Systolic BP, Diastolic BP, and Age are the dominant clinical predictors
The RF variable importance plot identifies Systolic Blood Pressure and Diastolic Blood Pressure as the two most important predictors, with closely matched importance values explained by their high correlation (0.79). Age ranks third as an independent predictor. A mid-importance cluster of Prevalent Hypertension, BMI, Glucose Level, Total Cholesterol, and CigsPerDay follows, while remaining variables including sex, education, and diabetes show low predictive importance for 10-year CHD risk.
MDA captures genuine within-class structure through Gaussian mixture components
The best MDA model (seed 777) selected an EEV covariance structure with 5 Gaussian components for the CHD-negative class and 3 for the CHD-positive class — reflecting the real heterogeneity within patient subgroups rather than assuming each class follows a single multivariate Gaussian distribution. While MDA ultimately underperformed RF in this analysis, the BIC-guided component selection demonstrates a principled, data-driven approach to capturing complex class structure that standard discriminant analysis cannot represent.
Class imbalance limits overall performance — additional data and techniques could improve separation
With only 15% CHD-positive cases, the dataset presents a genuine class separation challenge for both methods. ARI values — RF test 0.096, MDA test 0.103 — indicate modest agreement with true labels beyond chance, reflecting the difficulty of the classification problem rather than model failure. Strategies such as oversampling, cost-sensitive learning, or class-weighted training could improve minority class recall. Additional data and more granular clinical features (e.g., imaging biomarkers) may be required for a clinically deployable screening tool.

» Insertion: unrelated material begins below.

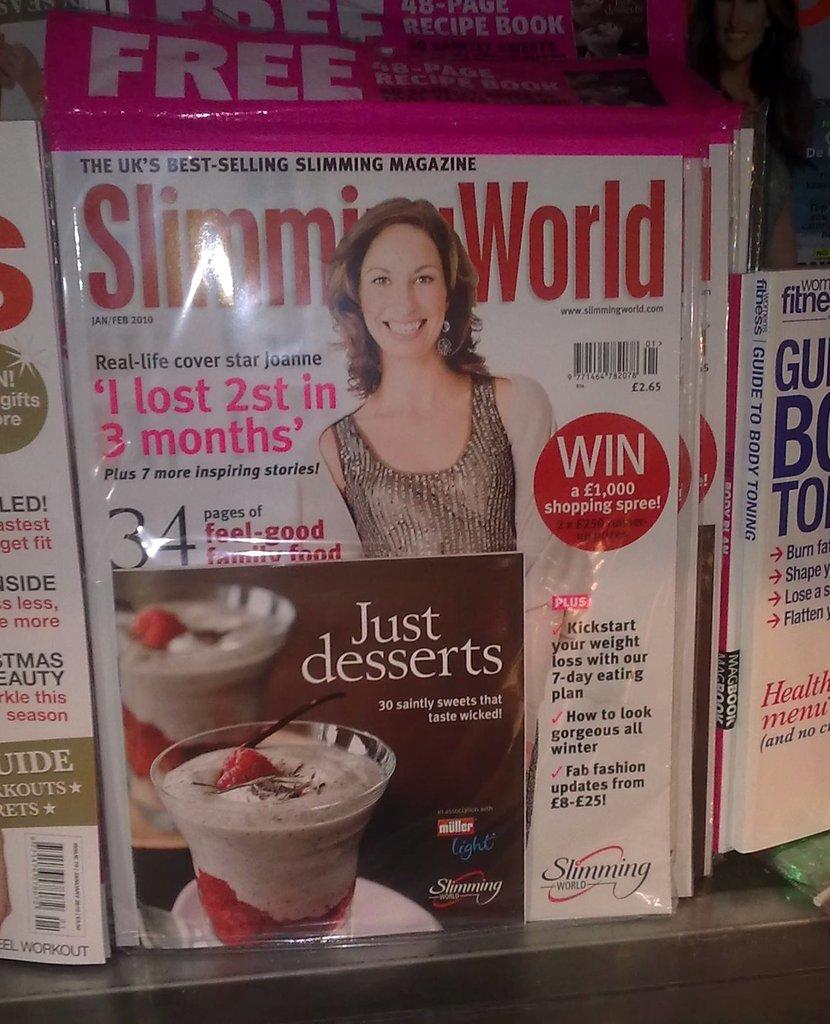What do the bright pink letters say?
Provide a short and direct response. I lost 2st in 3 months.

Random Forests is the preferred classifier — lower error, lower variance, and clinically interpretable importance scores
Combining lower average test misclassification (15.7% vs 20.7%), markedly higher result stability (std 0.010 vs 0.059), and the added benefit of variable importance scores that align with established clinical knowledge — blood pressure and age as leading CHD risk factors — Random Forests is the clear preferred method for this dataset. The OOB error of 14.77% from the best model provides a reliable out-of-sample performance estimate without requiring a separate validation set, further supporting its suitability for clinical risk stratification applications.